L’unica cosa interessante della visita di Orban al Cremlino è che questo residuato ripulito della Cortina di ferro ha detto che Putin vincerà la guerra e sa come farlo, infatti ha centrato subito un ospedale oncologico per l’infanzia. Nella futura Rusky novoy, come Putin chiama l’Ucraina, la razza dovrà essere migliorata. Servono schiavi, non si può perdere tempo ad occuparsi dei malati, quale sia loro l’età. I vecchi sono già bombardati tutti i giorni, i bambini vanno selezionati.

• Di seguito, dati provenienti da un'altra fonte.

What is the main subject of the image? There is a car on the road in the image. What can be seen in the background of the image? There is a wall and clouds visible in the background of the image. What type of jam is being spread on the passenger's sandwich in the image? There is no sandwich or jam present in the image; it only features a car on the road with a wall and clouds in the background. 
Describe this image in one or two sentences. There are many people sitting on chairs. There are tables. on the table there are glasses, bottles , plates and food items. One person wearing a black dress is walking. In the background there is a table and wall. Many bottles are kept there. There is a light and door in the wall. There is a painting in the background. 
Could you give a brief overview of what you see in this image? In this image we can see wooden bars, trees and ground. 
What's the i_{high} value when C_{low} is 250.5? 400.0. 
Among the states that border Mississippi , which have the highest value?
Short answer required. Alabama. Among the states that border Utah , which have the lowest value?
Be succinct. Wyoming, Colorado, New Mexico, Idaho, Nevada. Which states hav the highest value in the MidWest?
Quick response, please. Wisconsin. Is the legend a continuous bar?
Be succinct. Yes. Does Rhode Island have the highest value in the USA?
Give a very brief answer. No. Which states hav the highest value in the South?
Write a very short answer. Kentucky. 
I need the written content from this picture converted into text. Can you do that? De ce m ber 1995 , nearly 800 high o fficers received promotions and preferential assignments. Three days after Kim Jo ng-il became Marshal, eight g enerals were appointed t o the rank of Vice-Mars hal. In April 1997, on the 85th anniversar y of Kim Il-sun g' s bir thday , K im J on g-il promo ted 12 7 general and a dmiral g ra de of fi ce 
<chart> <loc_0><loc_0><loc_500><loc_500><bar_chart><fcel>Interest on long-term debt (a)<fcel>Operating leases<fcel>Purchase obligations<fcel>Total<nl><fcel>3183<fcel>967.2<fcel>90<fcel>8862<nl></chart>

Come è possibile che il missile su Kyiv sia arrivato dritto per dritto e non sia stato intercettato? Perché Zelensky sta ancora aspettando le armi promesse dagli americani e quindi quelle difensive di cui dispone le ha messe a protezione degli obiettivi di un qualche significato militare strategico, nemmeno Zelensky crede a quanto sta succedendo, cioè una guerra di sterminio che prosegue quella staliniana iniziata cento anni fa. Stalin uccise dieci milioni di ucraini, un terzo della popolazione, Putin è ancora parecchio indietro a questi obiettivi e deve accelerare i tempi. Lo si capisce dalla tattica adottata nel Donbass dove i russi perdono 1200 uomini al giorno per guadagnare porzioni di terreno insulse. Si tratta di una tattica impiegata dal Vietminh nella guerra di indipendenza, prima ancora in Corea e che inventarono proprio i russi a Stalingrado. Non hanno importanza le perdite umane dei propri effettivi quando le si può rimpiazzare, importante è sfibrare il nemico che ha risorse umane limitate. Macron aveva detto mandiamo i soldati in Ucraina, gli altri paesi europei gli hanno chiesto se era matto, Putin ha fatto il resto e ci ha pure Orban che va a scodinzolargli intorno contento.

Che l’America, l’Europa, tollerino tutto questo, oramai è chiaro. Tutta la storia delle armi per difendere l’Ucraina, armi che per carità non si possono usare fuori dai confini stretti della regione e che quindi non servono a niente e che comunque ancora devono arrivare, se mai arriveranno. Come si difende l’Ucraina lo sa iddio, le truppe russe sono fatiscenti militarmente parlando, i loro comandi di ubriaconi secondo la loro tradizione del resto, quando un generale è capace il governo lo silura dai tempi dello Zar Alessandro, hanno il terrore dei militari capaci i governi russi, e questo è l’unico vantaggio di cui dispongono ancora gli ucraini, ma oramai siamo a fine partita. I russi non hanno ostacolo nei loro bombardamenti e anche se non sfondano il fronte, potranno continuare a bersagliare obiettivi civili sensibili, continuando ad accrescere le vittime della popolazione. Questo conta in una guerra di logoramento. Ad un certo momento, senza appoggi veri su cui contare dall’estero, Kyiv chinerà la testa. Soprattutto dopo le promesse, i patti di sicurezza, le visite e tutto il ridicolo ed ipocrita circo che l’occidente ha messo in piedi in questi mesi per salvarsi una faccia sporca di sangue e di fango. Orban è la figura più significativa dell’occidente che già striscia davanti ai suoi vecchi padroni dell’oriente.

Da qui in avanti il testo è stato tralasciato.